Os desafios para o Chile após a vitória do esquerdista millennial Boric
Os outros países da região estarão de olho em sua tentativa de reverter a insatisfação e a divisão da sociedade
Diante da multidão em festa, sobre o palco montado próximo à Praça Baquedano, epicentro dos protestos por maior bem-estar social no Chile, Gabriel Boric abriu sua fala com saudações em espanhol, aimará, mapuche e rapanui (o idioma da Ilha de Páscoa), em um gesto de inclusão dos grupos indígenas do país. “Serei o presidente de todos os chilenos, tenham ou não votado em mim”, afirmou Boric, o esquerdista tatuado, inimigo da gravata e portador de TOC que venceu, com 56% dos votos (contra 44% do ultradireitista José Antonio Katz), a disputadíssima eleição de domingo 19. Descendente de croatas, nascido em Punta Arenas, no extremo sul do continente, o ex-líder estudantil — que desistiu da faculdade de direito no último ano para entrar na política — será o mais jovem presidente do Chile quando assumir, em 11 de março: 36 anos (completados em fevereiro).

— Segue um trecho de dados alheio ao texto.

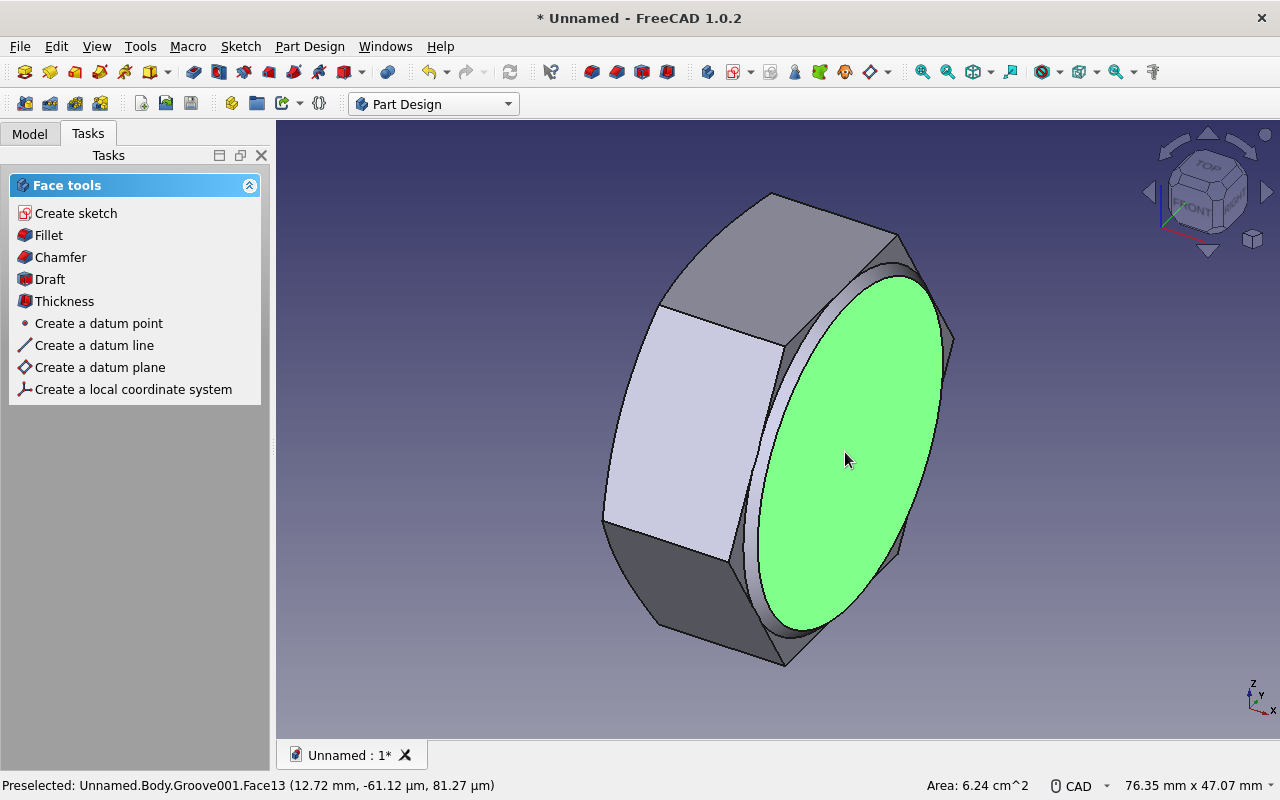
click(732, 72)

Boric foi escolhido justamente pela juventude e por não ter laços com a política tradicional, mas o pouco traquejo torna ainda mais desafiadora a tarefa que tem pela frente: restaurar a confiança de uma população altamente insatisfeita e dividida, onde quem tem menos quer melhor distribuição de riqueza, saúde, educação e benefícios sociais e quem tem mais reivindica reforço da segurança pública, fim dos confrontos sociais e recuperação da economia, após um recuo do PIB de 6% em 2020. Enquanto um lado exige que seja abolido o neoliberalismo extremo implantado pela ditadura militar, o outro bate o pé para que nada mude, em nome do vigor econômico que ele suscitou. “Há um grande mal-estar social e desconfiança das instituições. Se o novo presidente conseguir reverter esse cenário, o Chile pode se tornar um farol para os outros países da América do Sul”, diz o cientista político Daniel Zovatto, diretor regional do Instituto para Democracia e Assistência Eleitoral.

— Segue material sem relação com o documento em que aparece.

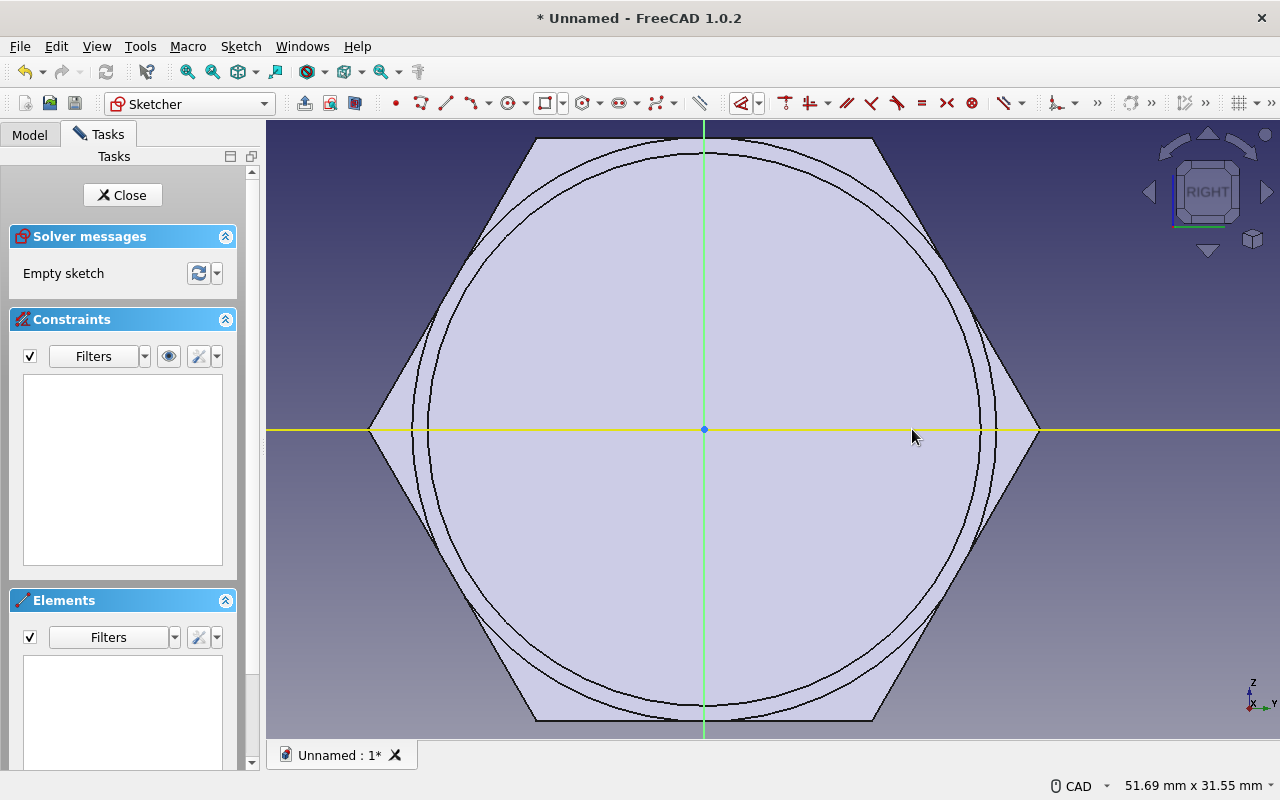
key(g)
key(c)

O movimento pendular das preferências do eleitorado, que alterna direita com esquerda no poder, tem estado especialmente ativo nestes tempos de polarização intensa da sociedade. Na América do Sul, hoje uma região de pouca relevância no mapa geopolítico global, o olhar distante das nações poderosas para os rumos regionais tem facilitado a ascensão de novatos, como Boric e o pouco conhecido professor rural Pedro Castillo, eleito presidente do Peru, e de ondas de protestos de rua contra a ordem estabelecida, como a que move organizações sindicais nas grandes cidades da Colômbia e a que insufla revoltas nas populações indígenas do próprio Chile e da Argentina. Neste cenário, a atuação de Boric — que fala em taxar grandes conglomerados e grandes fortunas para financiar maior igualdade social e, ao mesmo tempo, condena os governos ditatoriais de Cuba e da Venezuela — será, de fato, um teste para o que vem por aí em nível continental. No Chile, a mudança já começou: “companheira” (o termo que ele costuma usar) há dois anos do presidente eleito, a cientista política Irina Karamanos, 32 anos, quer distância do título de primeira-dama, que o próprio Boric, millennial que é, já declarou não fazer “o menor sentido”.